Bra Myths 101: Padded bras

There is a saying in the lingerie industry in regards to bras in the United States, “Everyone wants something smooth and nude” There is this innate belief that having a beige colored molded cup bra is a staple in every woman’s wardrobe however this style is predominantly only seen in the US market. Because of this there are a lot of myths floating around about foam injected bras, the top one we hear is “Lacy/sheer bras just aren’t supportive.”
We aren’t saying molded cup bras don’t serve a purpose in the world of lingerie, they create a very smooth finish, they can provide a rounded silhouette to the breasts and sometimes they are the only bras that will work with that one shirt (you know the one).
However, the issue with molded cup bras is right in the name itself, they are molded pre-shaped pieces of foam, and not all of us have breasts that match the shape of these bras. Some of us have breast tissue that is more dense and doesn’t quite fill out the cups, some of us have less fullness on the top part of our breasts and it leaves a lot of gaping and shifting around of the bra throughout the day. Some of us have very pendulous breasts and with molded cups there just isn’t enough depth to the cup. This can cause pressure against the breast tissue all day long, or even when the wires are the correct size, the breast tissue wants to escape and for a lot of us although it is what we are used to, it is not the only way.

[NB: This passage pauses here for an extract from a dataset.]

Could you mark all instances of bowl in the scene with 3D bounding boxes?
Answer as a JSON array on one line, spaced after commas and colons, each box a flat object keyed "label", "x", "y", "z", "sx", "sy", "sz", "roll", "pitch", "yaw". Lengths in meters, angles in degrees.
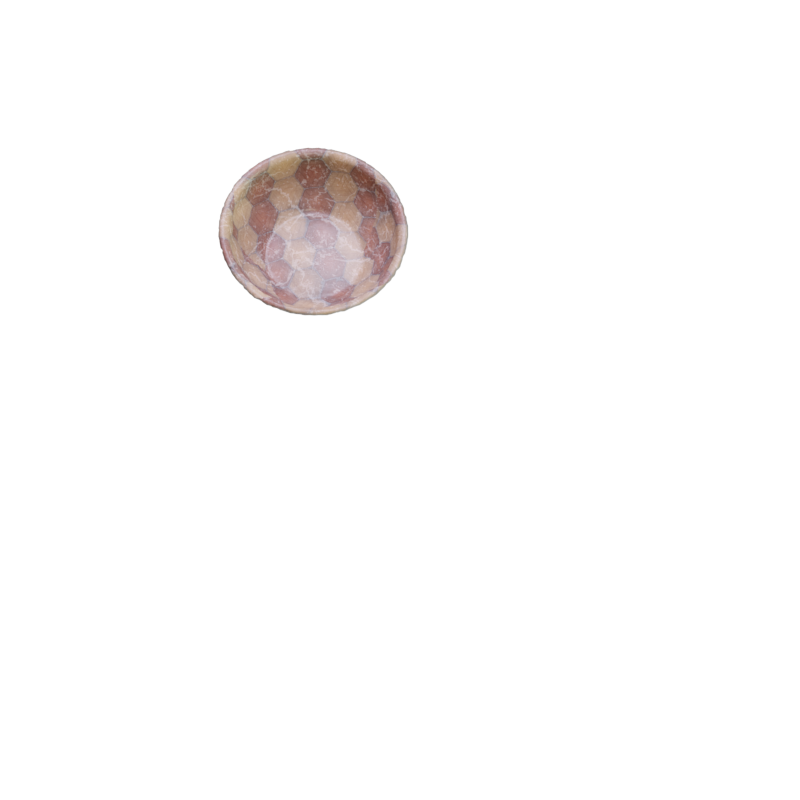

Support: As with all bras the support is coming from the band and the straps to help hold up the breast tissue. Now there are definitely a few lacy bras out there that can provide a little bit more shimmy and shake. However, in our our experience lacy or cut and sewn bras can be just as supportive and comfortable to wear as a molded cup bra (and they’re a lot easier to store in an underwear drawer).

Seams have a purpose: The placement of seams on a bra along with the materials used will allow for more or less projection of our breast tissue in the cups. Vertical seams can help shape our breast tissue upwards, horizontal or arched seams allow for more room in the cup so our breasts aren’t squished flatter. With seamed bras there can be more freedom, they can allow for a more natural breast shape underneath clothing, you can use the seams to hide your nipples.

Breathe-ability: A non-padded bra allows for more airflow, which makes them excellent choices for hot days, whereas with padded bra you can end up sweating a lot more. Which can make for a lot of discomfort depending on the top you’re pairing it with.

Bulking up: No matter what your bra size, a molded cup bra will add some bulk to your breast tissue and can make them appear larger. If you’re trying to reduce the size of your breast tissue those lacier and sheerer fabrics will definitely help achieve that goal.

Fabric makes a difference: Some bras have lace all over and sometimes this is a soft and stretchy lace, however in a higher quality garment there will be an additional layer of fabric to help with the integrity of the lace and will help maintain the shape and support of the bra for a longer period of time. A stiffer fabric either all over the cup or on the side and bottom of the cup can help provide a firmer feel to the cup throughout the day while still providing a little more breathing room, however with a stiffer fabric cup there is less forgiveness in the fabric and if it doesn’t fit 100% perfectly for your breast shape then it’s time to make a judgement call.

When to Replace Your Bras

So you have some great bras that fit really well! But when is it time to replace our faithful and supportive bosom buddies?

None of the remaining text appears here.